A key difference between humans and primates, and between primates and other mammals, is the size of our brains. Given the rapid increase, a Darwinian model would assume that there is considerable selective pressure for that increase. Therefore, genes that control brain size should show an excess of nonsynonymous mutations.

Kouprina et al., "Accelerated Evolution of the ASPM Gene Controlling Brain Size Begins Prior to Human Brain Expansion", PLoS Biol. 2004 May;2(5):E126. Epub 2004 Mar 23.

quote:
Primary microcephaly (MCPH) is a neurodevelopmental disorder characterized by global reduction in cerebral cortical volume. The microcephalic brain has a volume comparable to that of early hominids, raising the possibility that some MCPH genes may have been evolutionary targets in the expansion of the cerebral cortex in mammals and especially primates. Mutations in ASPM, which encodes the human homologue of a fly protein essential for spindle function, are the most common known cause of MCPH. Here we have isolated large genomic clones containing the complete ASPM gene, including promoter regions and introns, from chimpanzee, gorilla, orangutan, and rhesus macaque by transformation-associated recombination cloning in yeast. We have sequenced these clones and show that whereas much of the sequence of ASPM is substantially conserved among primates, specific segments are subject to high Ka/Ks ratios (nonsynonymous/synonymous DNA changes) consistent with strong positive selection for evolutionary change.
So we not only have a detailed prediction based on Darwinism (or, rather, on modern evolutionary biology), but the prediction was confirmed.

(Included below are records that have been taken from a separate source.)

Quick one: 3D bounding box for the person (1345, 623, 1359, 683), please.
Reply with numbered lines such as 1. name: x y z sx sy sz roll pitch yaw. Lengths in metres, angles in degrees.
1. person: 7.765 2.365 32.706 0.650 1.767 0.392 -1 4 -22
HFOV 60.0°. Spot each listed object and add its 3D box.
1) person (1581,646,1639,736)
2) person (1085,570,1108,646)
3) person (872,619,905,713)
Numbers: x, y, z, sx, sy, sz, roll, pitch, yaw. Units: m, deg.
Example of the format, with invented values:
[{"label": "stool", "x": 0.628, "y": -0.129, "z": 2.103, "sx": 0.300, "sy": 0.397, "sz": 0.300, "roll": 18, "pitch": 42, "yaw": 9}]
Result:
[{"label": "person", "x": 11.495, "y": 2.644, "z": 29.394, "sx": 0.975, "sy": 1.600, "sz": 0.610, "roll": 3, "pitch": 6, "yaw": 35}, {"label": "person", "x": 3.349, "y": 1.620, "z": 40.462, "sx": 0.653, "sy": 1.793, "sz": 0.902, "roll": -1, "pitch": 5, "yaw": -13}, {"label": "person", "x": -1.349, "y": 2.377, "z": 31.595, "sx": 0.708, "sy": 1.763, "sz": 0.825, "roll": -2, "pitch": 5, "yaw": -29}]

In fact, never finding molecular evidence of selective pressure would come very close to falsifying Darwinism. Unless a mechanism could be found that somehow prevents it, the Darwinian prediction is that genes under strong selective pressure must (in the stochastic sense of "must") accumulate nonsynonymous mutations faster than synonymous ones.

So there are Darwinian mechanisms at work during speciation, and these apparently lead to primary differentiating characteristics between species.

In fact, we expect positive selection (measured by nonsyn/syn ratios) to cause speciation, either by accident (in allopatric scenarios) or because speciation is selected for (in sympatric scenarios). Either way, we expect to find evidence of positive selection in some of the genes responsible for incompatability between species.

Presgraves et al., "Adaptive evolution drives divergence of a hybrid inviability gene between two species of Drosophila", Nature. 2003 Jun 12;423(6941):715-9.

quote:
Here we identify a gene that causes epistatic inviability in hybrids between two fruitfly species, Drosophila melanogaster and D. simulans. Our population genetic analysis reveals that this gene--which encodes a nuclear pore protein--evolved by positive natural selection in both species' lineages.
This is another detailed prediction from modern evolutionary biology that has been confirmed!

So, to Warren: yes, there are detailed falsifiable predictions made. I've shown some of the ones that succeeded. There are numerous others.

And to nosviad: if you've read this post, you will notice that the claim that "The Darwinian hypotheses...have failed every test that has been made," is false. Now that you are aware that it is false, I trust you will at least include a qualifier in your future statements. The claim of "every" is unsupportable.

(Most weaker claims about evolutionary theory failures are also unsupportable. But I've only shown one example here, so one who has read this post (and not refuted it on substantive grounds) would only knowingly be propagating a falsehood if they continued to claim "every" test was a failure.)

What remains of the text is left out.